1. Dans le présent document, « infirmière praticienne » et « infirmière autorisée » sont utilisées au féminin sans discrimination et dans le seul but d’alléger le texte.

2. Une liste des organisations membres de la SPIIC est disponible sur le site Web SPIIC à www.spiic.ca.

3. Une police « sur la base de réclamation présentée » exige que toute réclamation potentielle ou réelle soit signalée à l'assureur avant la date d’échéance de la police. Seuls les événements survenus après la « date rétroactive », s'il est fait mention de cette date dans la police, et signalés pendant la durée de la police, sont couverts.
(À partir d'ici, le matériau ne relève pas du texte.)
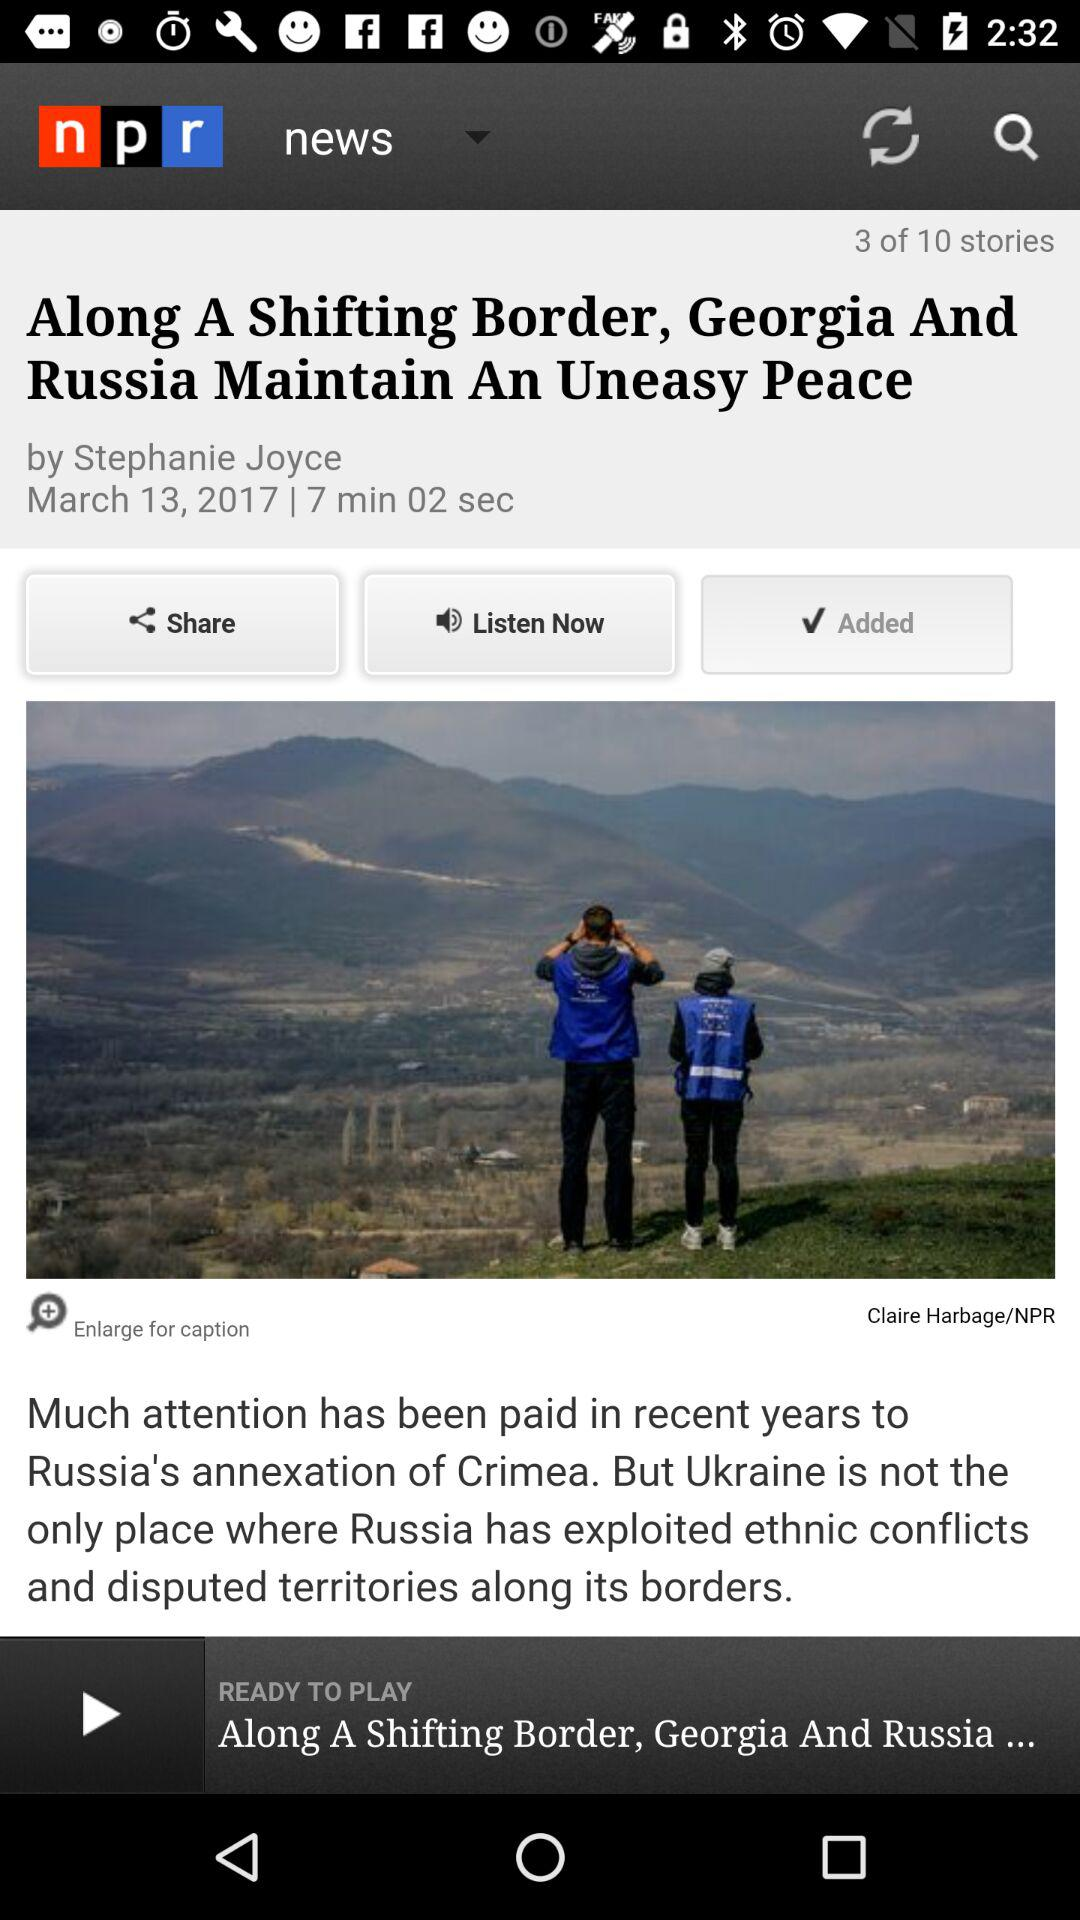When was the news about the leafy list of top cannabis locations published?
When the provided information is insufficient, respond with <no answer>. <no answer> 
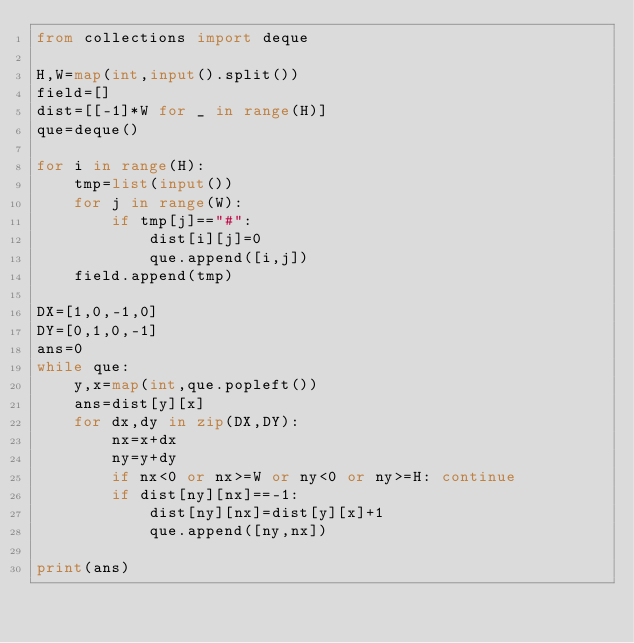Convert code to text. <code><loc_0><loc_0><loc_500><loc_500><_Python_>from collections import deque

H,W=map(int,input().split())
field=[]
dist=[[-1]*W for _ in range(H)]
que=deque()

for i in range(H):
    tmp=list(input())
    for j in range(W):
        if tmp[j]=="#":
            dist[i][j]=0
            que.append([i,j])
    field.append(tmp)

DX=[1,0,-1,0]
DY=[0,1,0,-1]
ans=0
while que:
    y,x=map(int,que.popleft())
    ans=dist[y][x]
    for dx,dy in zip(DX,DY):
        nx=x+dx
        ny=y+dy
        if nx<0 or nx>=W or ny<0 or ny>=H: continue
        if dist[ny][nx]==-1:
            dist[ny][nx]=dist[y][x]+1
            que.append([ny,nx])

print(ans)
</code> 
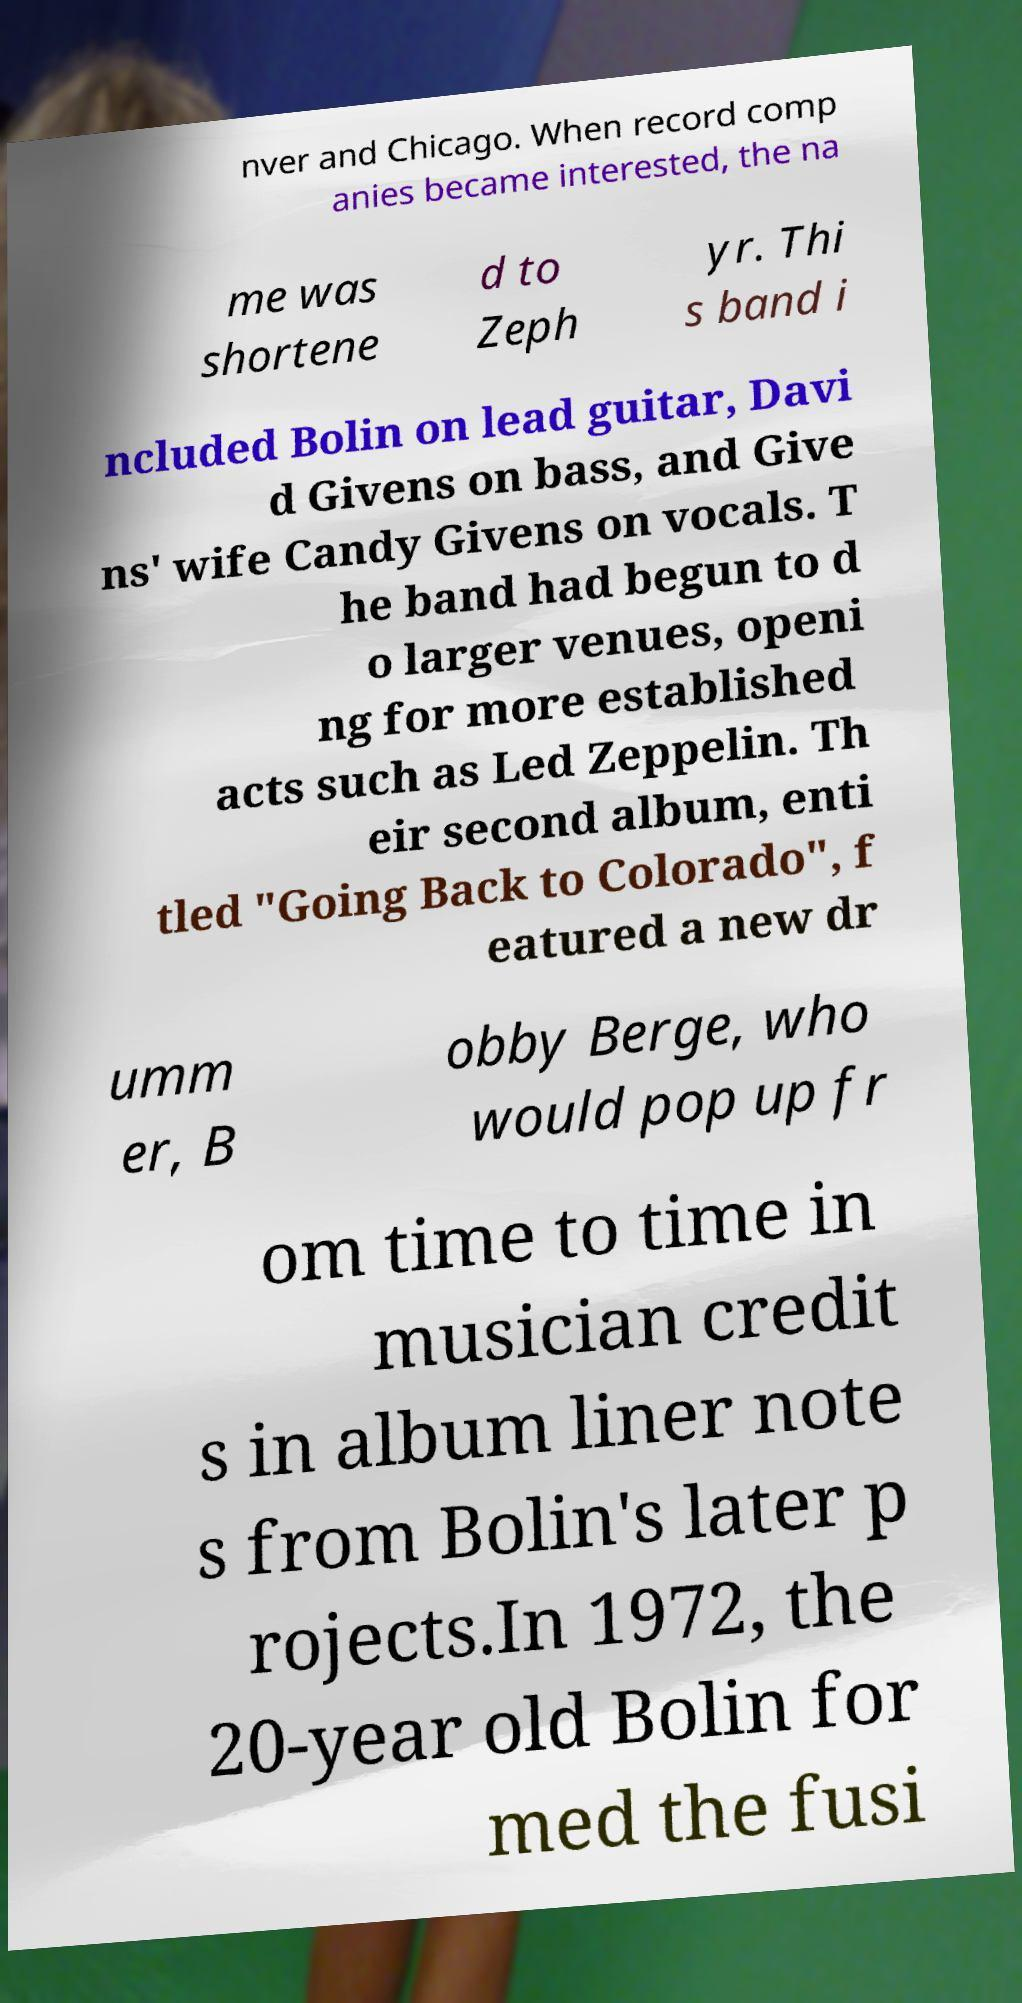I need the written content from this picture converted into text. Can you do that? nver and Chicago. When record comp anies became interested, the na me was shortene d to Zeph yr. Thi s band i ncluded Bolin on lead guitar, Davi d Givens on bass, and Give ns' wife Candy Givens on vocals. T he band had begun to d o larger venues, openi ng for more established acts such as Led Zeppelin. Th eir second album, enti tled "Going Back to Colorado", f eatured a new dr umm er, B obby Berge, who would pop up fr om time to time in musician credit s in album liner note s from Bolin's later p rojects.In 1972, the 20-year old Bolin for med the fusi 
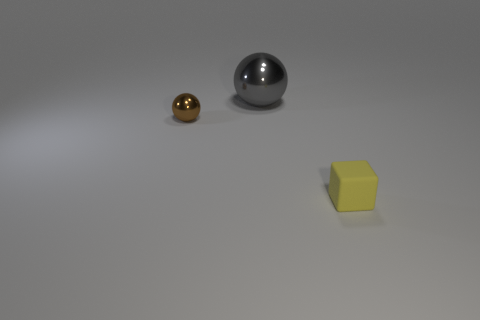There is a metal object that is behind the small thing that is behind the thing that is in front of the tiny metallic ball; what is its shape?
Make the answer very short. Sphere. There is a object behind the ball that is to the left of the large ball; what shape is it?
Your response must be concise. Sphere. Is there a yellow block that has the same material as the big ball?
Ensure brevity in your answer.  No. What number of green things are either big metal cubes or tiny shiny balls?
Provide a short and direct response. 0. Are there any rubber things that have the same color as the matte block?
Provide a short and direct response. No. What is the size of the sphere that is made of the same material as the tiny brown thing?
Provide a short and direct response. Large. What number of cylinders are metal things or green matte things?
Make the answer very short. 0. Are there more tiny metallic objects than tiny red rubber cylinders?
Your response must be concise. Yes. How many yellow matte blocks are the same size as the brown ball?
Ensure brevity in your answer.  1. How many objects are objects that are right of the small shiny ball or tiny brown balls?
Keep it short and to the point. 3. 
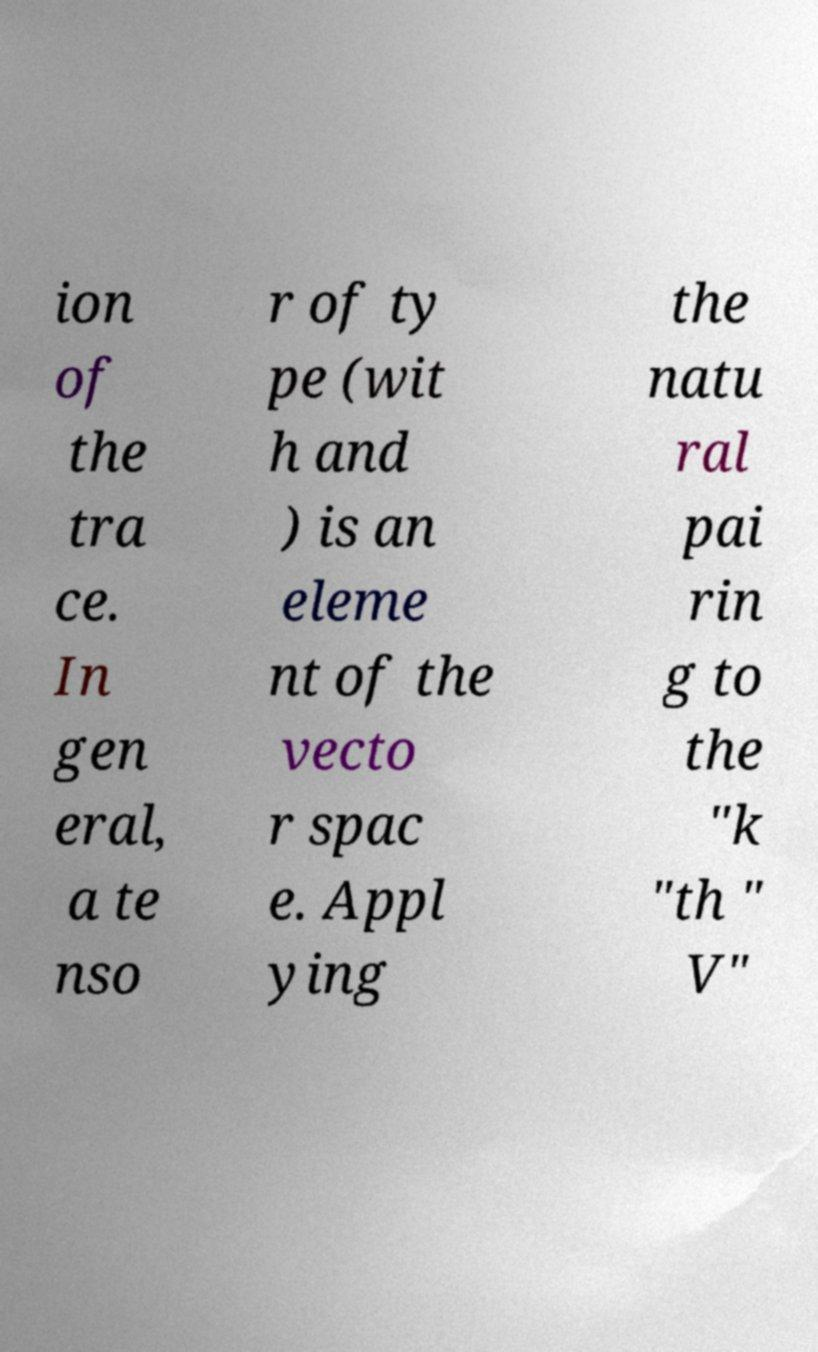Could you assist in decoding the text presented in this image and type it out clearly? ion of the tra ce. In gen eral, a te nso r of ty pe (wit h and ) is an eleme nt of the vecto r spac e. Appl ying the natu ral pai rin g to the "k "th " V"

Lorsqu'aucune date rétroactive n'est stipulée dans la police, les événements survenus avant l'entrée en vigueur de la police sont couverts s'ils sont signalés pendant la durée de la police, et si l'assuré ignorait les réclamations au moment de l'achat de la police.

4. Une protection pour « actes antérieurs » (aussi appelée « clause de garantie prolongée » ou « clause de reprise du passé »), ne s'applique qu'aux polices sur la base de réclamation présentée et sert à prolonger la période d'assurance pendant laquelle une réclamation peut être présentée.